How Do Anti-Vaccine Advocates React to a Vaccine Bill in New Jersey? Hint: Not Very Well

I won’t bore you with the details because the video is quite good on its own. Basically, NJ legislators in a committee voted to advance a bill for a vote. The bill would require parents seeking a vaccine exemption for attending school to do one of several things. They can get a physician to write a letter that required vaccines are not medically advisable for a child, as is the case for many children who truly do have an allergy to a vaccine component. Or they can show proof that their religion doesn’t allow vaccines (none of the major religions prohibit vaccines, by the way) and sign a notarized attestation to that effect. That’s it.
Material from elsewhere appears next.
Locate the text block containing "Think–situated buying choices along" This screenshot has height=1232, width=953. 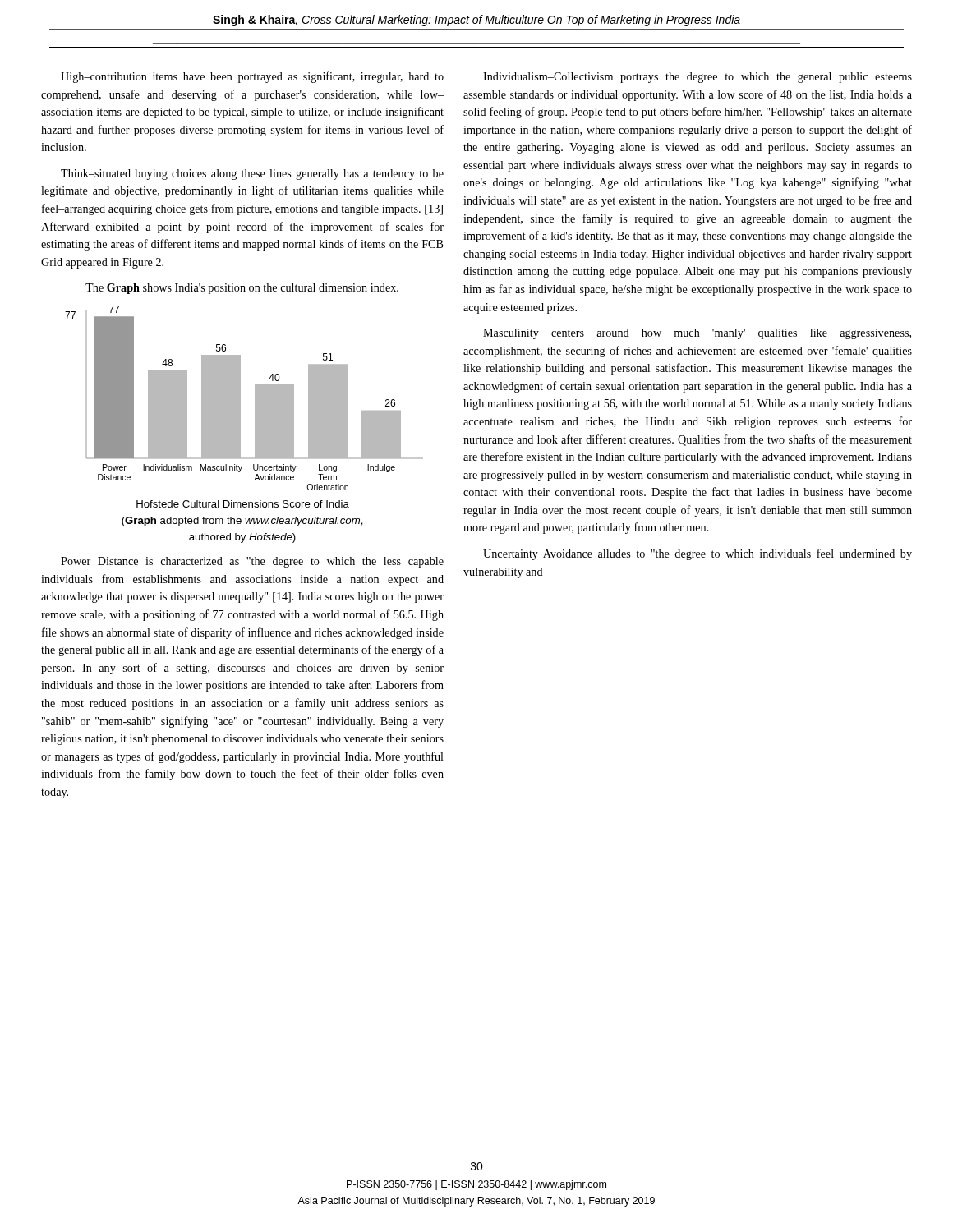(x=242, y=218)

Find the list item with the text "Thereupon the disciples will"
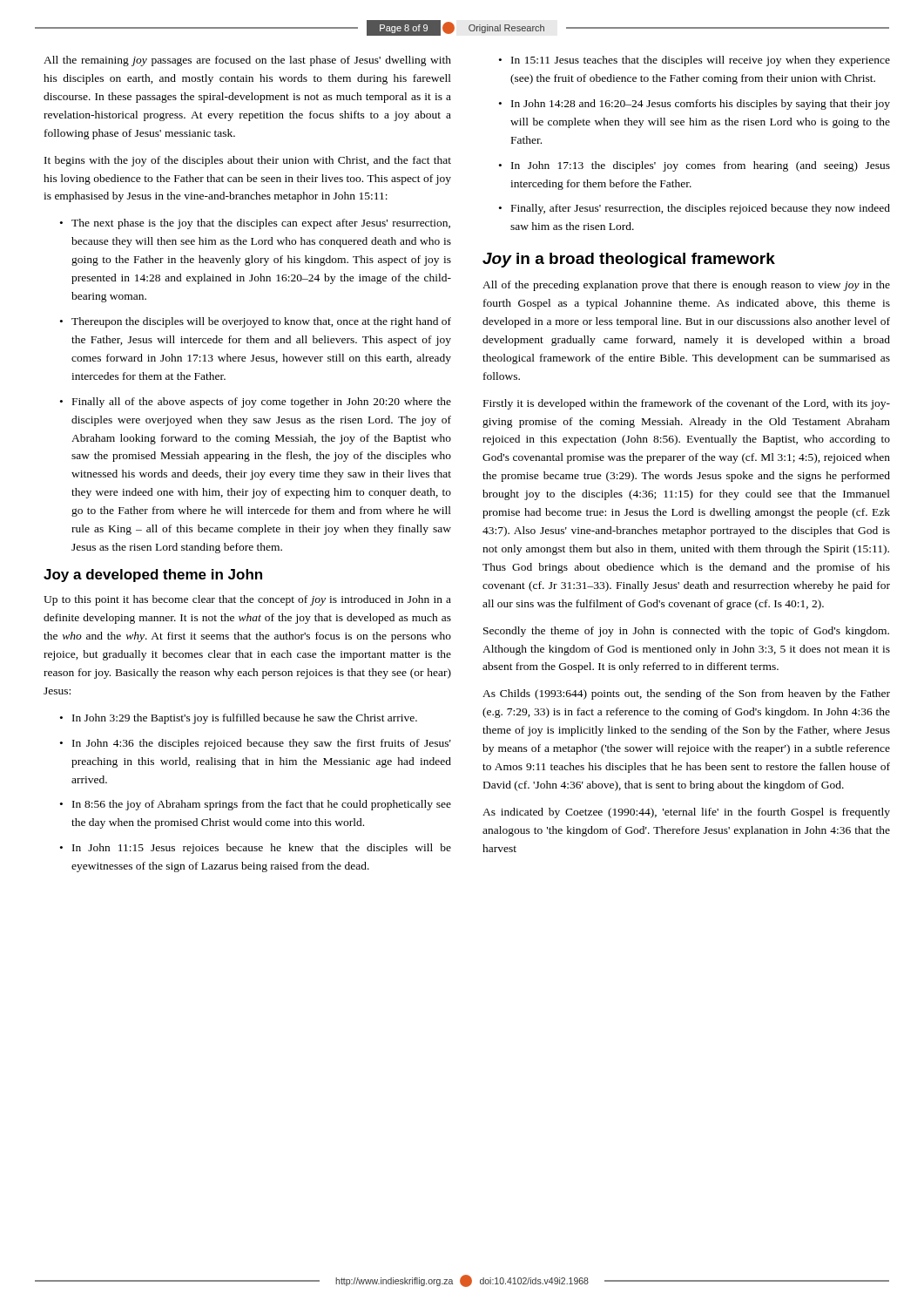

No one is being forced to be vaccinated. No one is being forced to not practice their religion. The only thing the bill does is keep people from lying about vaccines just because they have some ill-founded fear of vaccines. If anything, I would think that anti-vaccine activists would welcome this bill because it would eliminate people lying about their beliefs and give the world to see the true number of “true believers.” If I were them, which I’m not, and I won’t, but if I were… If I were them, I would put out a press release that would read something like:
“We welcome this bill in the NJ Legislature as it will shine a light on the true size and strength of our anti-vaccine community. This bill eliminates from our ranks those who are simply too lazy to go get their children vaccinated and documents in writing and via notarization those of us who truly stand against science.”
It’s just a draft. Feel free to alter it. 😉
Anyway, that vote didn’t go over well with the anti-vaccine crowd. They kind of didn’t like it:
Did you catch that child flipping the double birds at 1 minute 4 seconds? He’s the real victim in all this. Note that he is crying by the end of the video. Sad.